Current Army operations in Iraq, primarily those in the larger cities such as Baghdad and Mosul require that our wheeled vehicle drivers be well versed in congested traffic driving techniques: Although we employ measures to keep local traffic away from our vehicles and convoys such as distance warning signs and hand and arm signals, the local population does not always obey. Unless Soldiers are from a large city or have experience driving in heavy urban traffic, they are learning on the fly. Even the most experienced driver will need training to overcome the dangers of driving in a hostile environment. The Army needs to develop a "train-the-trainer" course in evasive and defensive driving techniques, to include practical exercises, for our unit master drivers to follow when conducting training for the inexperienced younger Soldiers prior to their deployment.

Both AR 600-55, the Army Driver and Operator-Standardization Program (Selection, Training, Testing, and Licensing), and FM 21-305, the Manual for the Wheeled Vehicle Driver, are deficient in addressing evasive driver training.

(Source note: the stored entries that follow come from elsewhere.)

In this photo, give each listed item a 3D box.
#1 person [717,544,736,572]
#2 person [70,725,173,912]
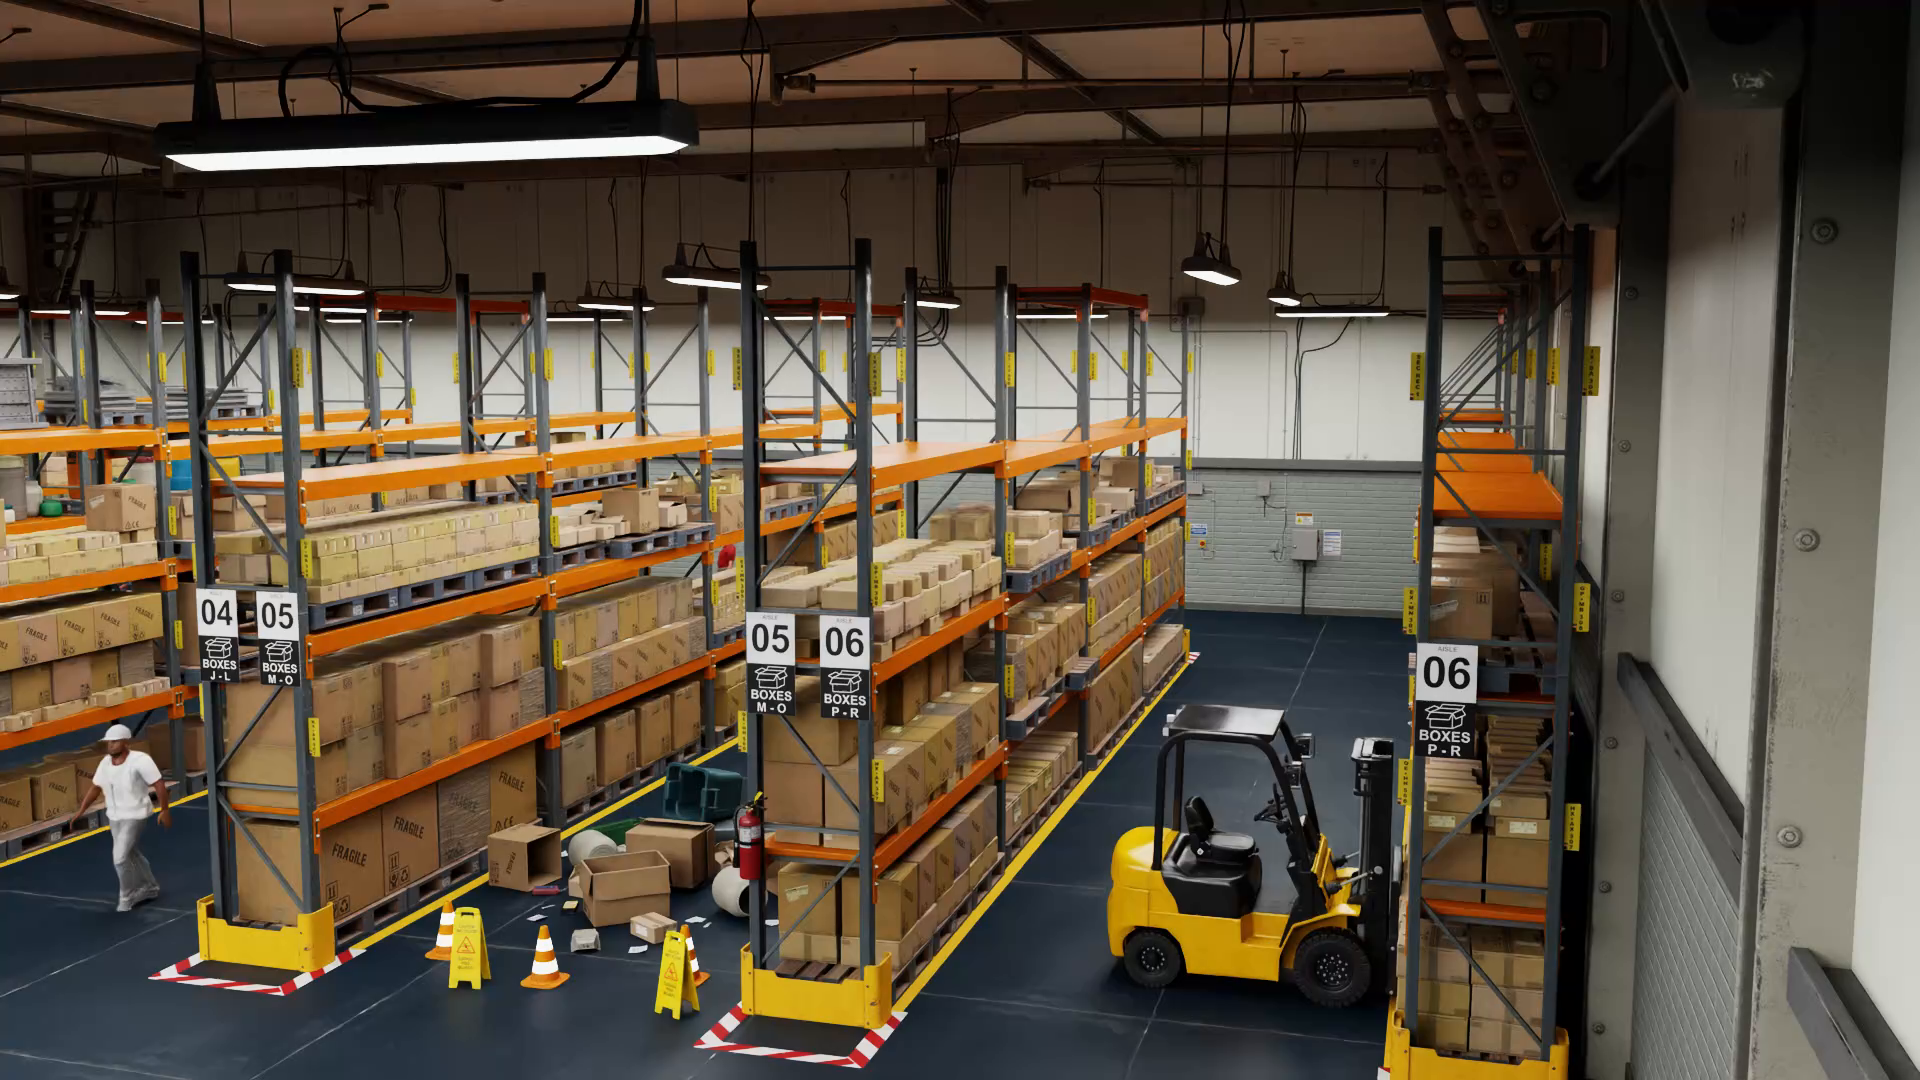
[{"bbox_3d":[-4.497,0.686,32.316,0.607,1.715,0.544,-2,7,-18],"label":"person"},{"bbox_3d":[-7.802,2.622,15.508,0.713,1.823,0.659,3,7,24],"label":"person"}]
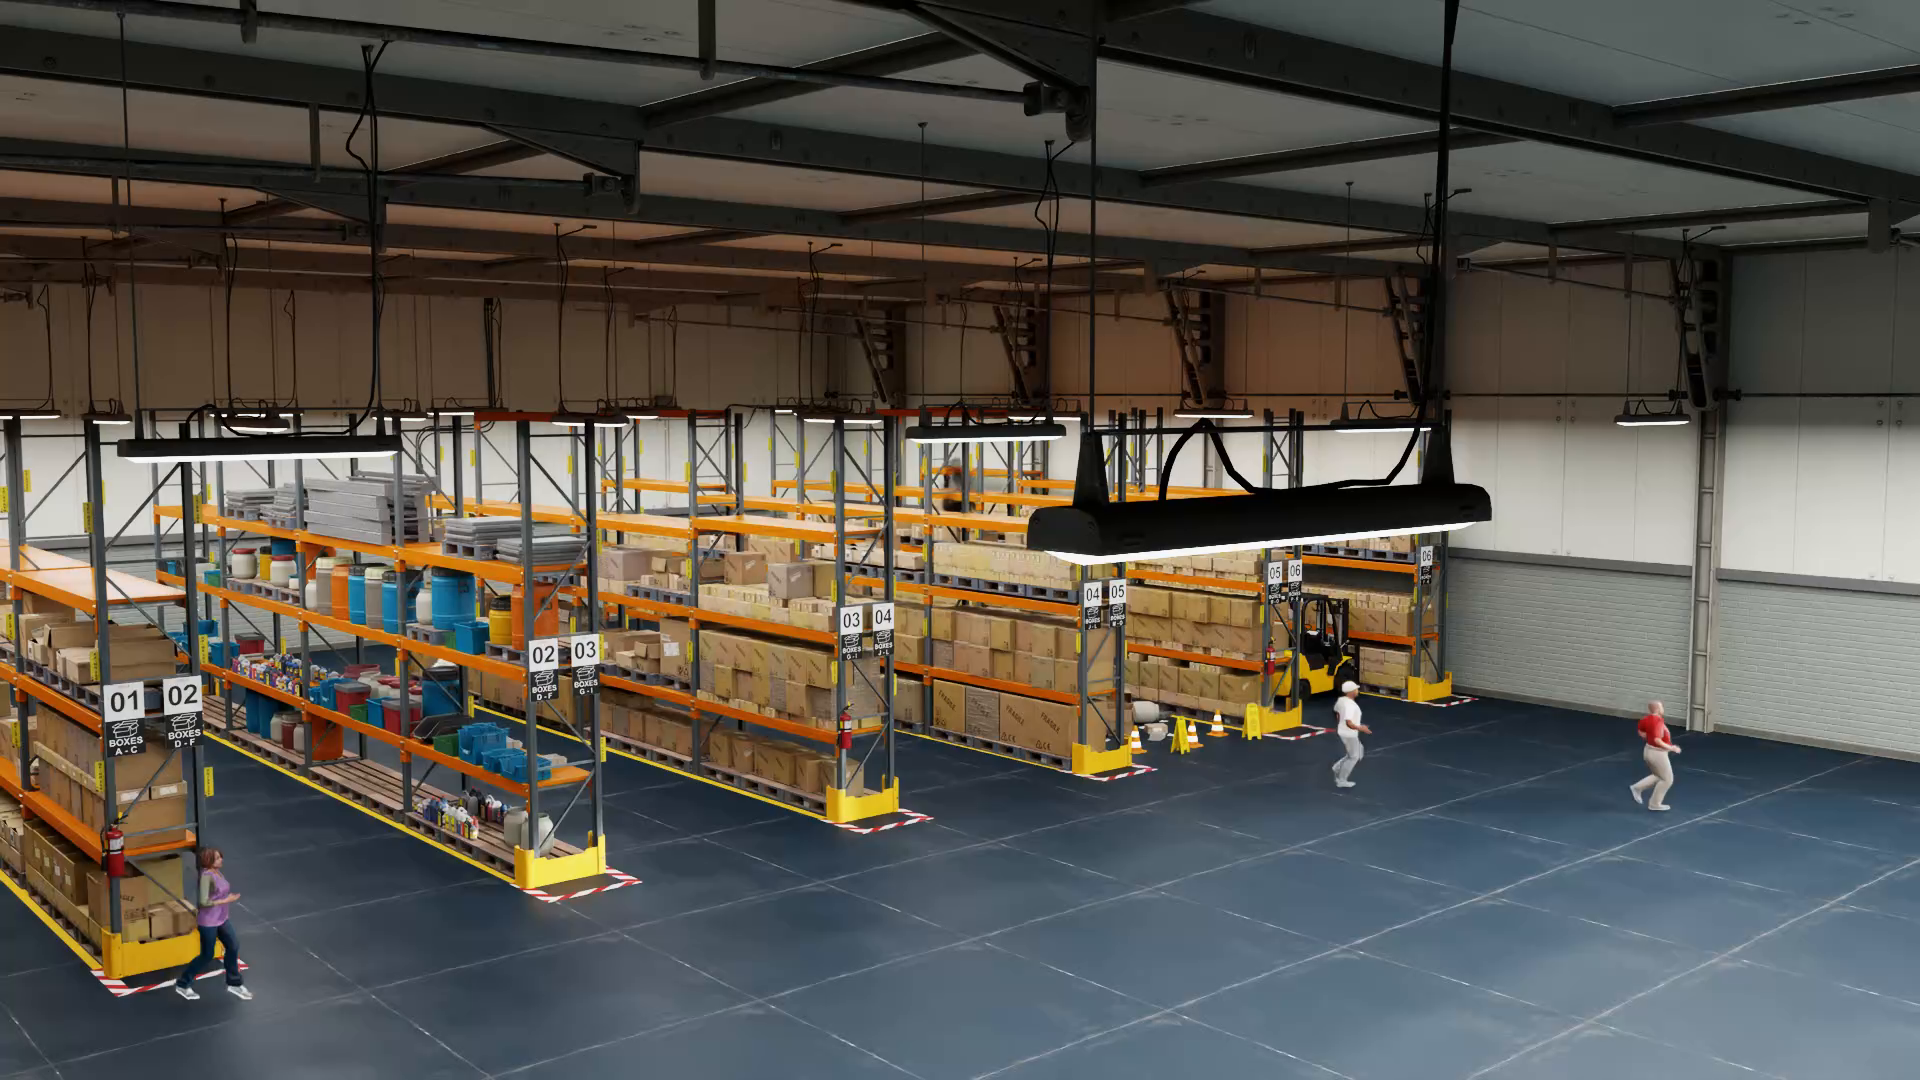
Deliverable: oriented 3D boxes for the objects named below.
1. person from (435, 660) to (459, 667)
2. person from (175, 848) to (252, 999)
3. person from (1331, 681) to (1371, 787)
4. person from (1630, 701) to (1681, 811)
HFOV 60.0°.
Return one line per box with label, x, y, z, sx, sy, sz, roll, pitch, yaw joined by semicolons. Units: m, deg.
person;-9.315;2.767;30.326;0.981;1.759;0.667;4;6;39
person;-7.785;4.009;17.275;0.727;1.644;0.540;0;5;-5
person;6.287;3.117;26.732;0.569;1.721;0.674;0;5;2
person;10.569;3.273;25.275;0.626;1.674;0.660;0;5;0

The only training resource available to unit commanders for evasive/defensive driving techniques can be found on the U.S. Army Combat Readiness Training Center Web site in the "Driver's Training Tool Box ( toolbox/ evoTrainingManual.aspx). The site has a copy of the Emergency Vehicle Operators Training Manual, a training manual developed by civilian law enforcement activities, and there are examples of courses taught to Military Police (MP) students. MP driving courses are taught in accordance with AR 600-55 as indicated by the following excerpt:

"Emergency vehicle operators must complete an emergency vehicle training program prior to assuming operator duties, and every 3 years thereafter. This training will include instruction in the subjects outlined in appendix H and will be annotated on DA Form 348, section III, upon completion."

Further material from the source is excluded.